Preferably, the model transformation unit 22 is specifically configured to:
after receiving the current arriving order at m time and deciding, setting a post-state variable p according to a reinforcement learning algorithm m Representing the selection of action a at the m decision time by a post state variable m Post-production of the order that has been accepted still requires production time; wherein the latter state is an intermediate variable between two successive states;
According to the current state s m And action a m Determining a post-state variable p m The post state variable p m Expressed as:
according to p m The production time t still needed for the order that has been accepted at the next decision instant m+1 m+1 Expressed as:
wherein in the formula (5),representing a larger number between variables x and 0, AT is the time of arrival between two ordersAn interval; the conditional probability density of the next decision moment state S ' = (μ ', p ', q ', lt ', dt ', t ') is expressed as:
wherein the conditional probability density function f T (|p) is defined by formula (5) and related random variables;
rewriting a condition expectation E [ ] in MDP theory after setting a post-state variable, and defining a cost function of the post-state after rewriting the condition expectation E [ ], the cost function of the post-state being expressed as:
J * (p)=γE[V * (s′)|p] (7)
construction of optimal strategy pi by post-state cost function * Thereby making the optimal strategy pi * Into a one-dimensional state space, the optimal strategy pi * Expressed as:
preferably, the model optimization unit 23 is specifically configured to:
the strengthening algorithm has a state value function J after passing * Constructing an optimal strategy pi * Calculation of J is not directly performed when solving * The J is realized by adopting a learning process through learning parameter vectors * Is solved for; implementation of J by learning a parameter vector * Is solved for, in particular, as follows:
from a given parameter vector θAnd
parameter learning is carried out on the parameter vector theta from the data sample by adopting a strengthening algorithm to obtain the parameter vector theta * And uses the learned parameter vector θ * DeterminedTo approximate J * According to approximately J * Determining an optimal strategy pi *
Preferably, the solving unit 24 is specifically configured to:
solving J through three-layer artificial neural network ANN * (p), J * (p) approximating to any precision, toThe three-layer artificial neural network ANN is adopted as follows:
wherein, the parameter vector can be expressed as:
θ=[w 1 ,...,w N ,α 1 ,...α N ,u 1 ,...u N ,β]
Φ H (x)=1/(1+e -x )
function of formula (11)Is a three-layer single-input single-output neural network, which has only one single-node input layer, whose output represents the value of the post-state p, and an hidden layer containing N nodes, the input of the ith node being the weighted post-state value w i * p and implicit layer bias alpha i And (2) a sum of (2); and the input-output relationship of each hidden layer node is represented by phi H (. Cndot.) function representation, where Φ H (. Cndot.) is called an activation function; the output layer has a node, the input of the output layer is the sum of the weighted output of the hidden layer and the bias beta of the output layer, and the output of the output layer represents the final approximated function value +. >
The foregoing technical solutions of the embodiments of the present invention will be described in detail with reference to specific application examples, and reference may be made to the foregoing related description for details of the implementation process that are not described.

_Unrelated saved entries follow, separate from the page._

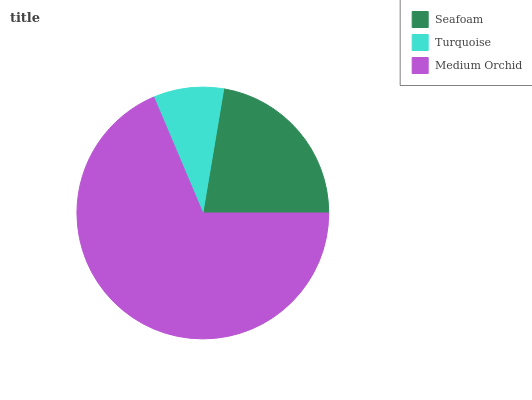Is Turquoise the minimum?
Answer yes or no. Yes. Is Medium Orchid the maximum?
Answer yes or no. Yes. Is Medium Orchid the minimum?
Answer yes or no. No. Is Turquoise the maximum?
Answer yes or no. No. Is Medium Orchid greater than Turquoise?
Answer yes or no. Yes. Is Turquoise less than Medium Orchid?
Answer yes or no. Yes. Is Turquoise greater than Medium Orchid?
Answer yes or no. No. Is Medium Orchid less than Turquoise?
Answer yes or no. No. Is Seafoam the high median?
Answer yes or no. Yes. Is Seafoam the low median?
Answer yes or no. Yes. Is Turquoise the high median?
Answer yes or no. No. Is Turquoise the low median?
Answer yes or no. No. 
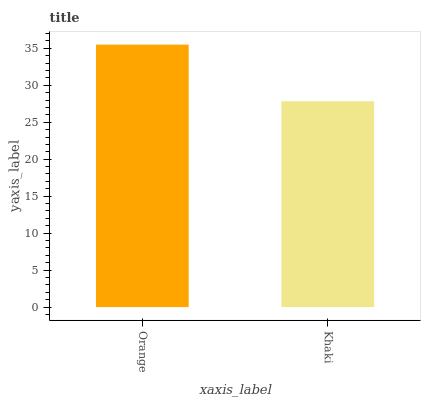Is Khaki the minimum?
Answer yes or no. Yes. Is Orange the maximum?
Answer yes or no. Yes. Is Khaki the maximum?
Answer yes or no. No. Is Orange greater than Khaki?
Answer yes or no. Yes. Is Khaki less than Orange?
Answer yes or no. Yes. Is Khaki greater than Orange?
Answer yes or no. No. Is Orange less than Khaki?
Answer yes or no. No. Is Orange the high median?
Answer yes or no. Yes. Is Khaki the low median?
Answer yes or no. Yes. Is Khaki the high median?
Answer yes or no. No. Is Orange the low median?
Answer yes or no. No.

The invention relates to a method and a system for MTO enterprise order acceptance strategy based on post-state reinforcement learning, which are used for solving the problems of incomplete model consideration factors and high complexity of solving processes in the existing research. Meanwhile, a low-complexity solving algorithm based on the combination of an after-state and a neural network is provided to solve the problem of MTO enterprise order acceptance.

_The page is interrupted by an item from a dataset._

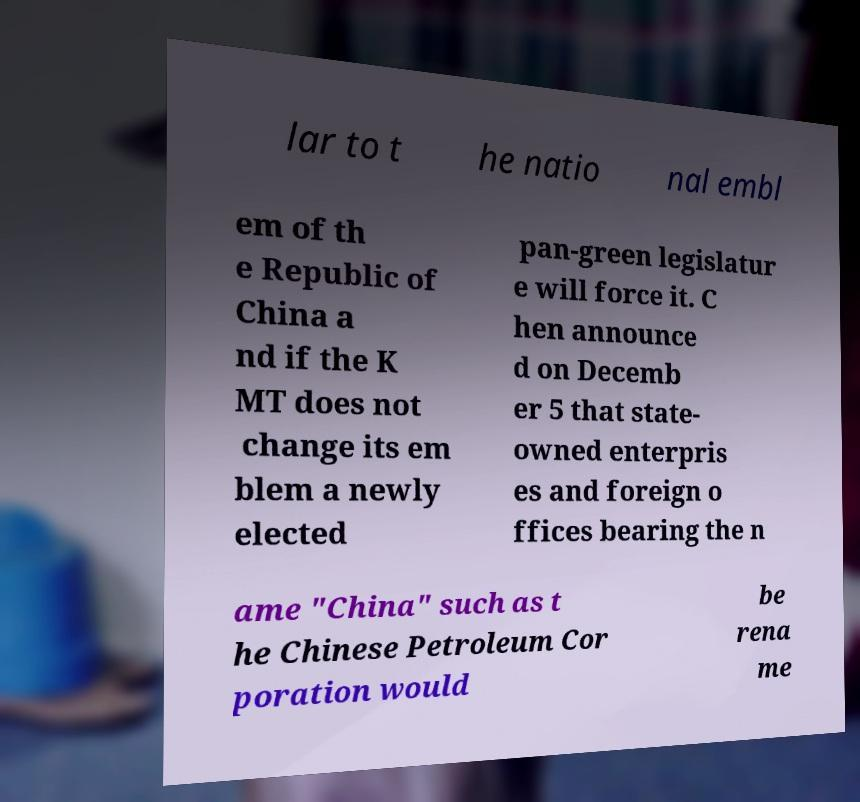Can you read and provide the text displayed in the image?This photo seems to have some interesting text. Can you extract and type it out for me? lar to t he natio nal embl em of th e Republic of China a nd if the K MT does not change its em blem a newly elected pan-green legislatur e will force it. C hen announce d on Decemb er 5 that state- owned enterpris es and foreign o ffices bearing the n ame "China" such as t he Chinese Petroleum Cor poration would be rena me

As customer diversity demands continue to rise, order-to-order (MTO) patterns that organize production according to customer demand for orders are becoming increasingly important in enterprise production activities. Due to the limitation of the production capacity of the enterprise, the MTO enterprise needs to formulate a reasonable order acceptance policy, i.e. how to determine whether to accept the arriving order according to the production capacity and the order state, so as to improve the production benefit of the enterprise.
Based on the traditional order receiving problem, the invention provides a more complete model of the MTO enterprise order receiving problem: based on traditional model elements of delay delivery cost, rejection cost and production cost, the invention further considers the order stock cost and various customer priority factors, and models the optimal order acceptance problem as a Markov Decision Process (MDP). Furthermore, since classical MDP solution methods rely on the solution and estimation of high-dimensional state-cost functions, their computational complexity is high. Thus, to reduce complexity, the present invention proposes to use a one-dimensional post-state cost function instead of a high-dimensional state cost function, in combination with a neural network to approximate the post-state cost function. Finally, the applicability and superiority of the order acceptance strategy model and algorithm provided by the invention are verified through simulation.

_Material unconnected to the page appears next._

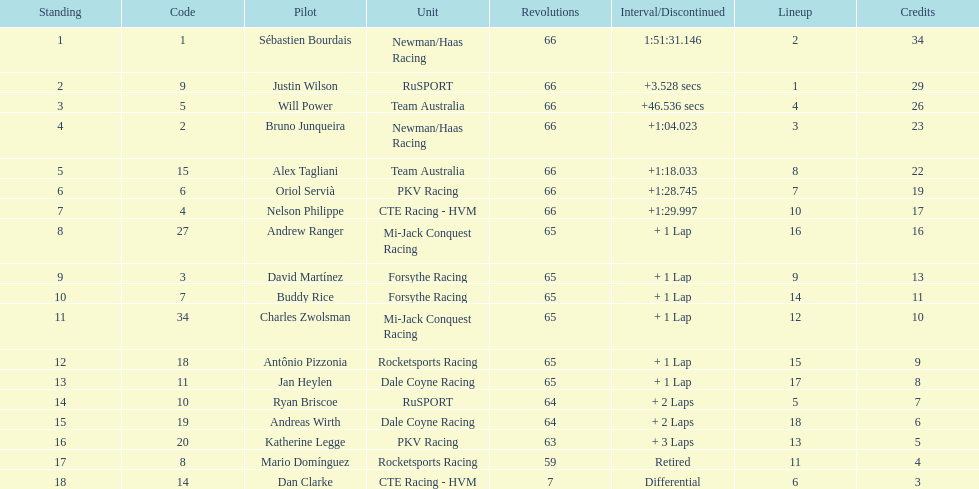At the 2006 gran premio telmex, how many drivers completed less than 60 laps? 2.

1. Description of the problem to be solved by the invention and model assumption
The present invention assumes that an MTO enterprise with limited capacity is produced by a single production line. Assuming that there are n types of customer orders on the market, the order related information includes customer priority μ, unit product price pr (pr is an abbreviation for price), quantity q, lead time, and late delivery time dt (full scale). The lead time lt refers to the contracted delivery time, and the working time period of order production under the condition of no intention, namely the time from the start of order production to the end of order production; however, when the enterprise cannot completely guarantee whether the delivery can be completed within the appointed time, the preset time period is followed by the appointed delivery time, and the preset time period is the latest delivery period dt. Customer orders arrive at a poisson distribution subject to a parameter lambda. The price of an individual product within an order and the quantity of demand for the corresponding product are both subject to uniform distribution.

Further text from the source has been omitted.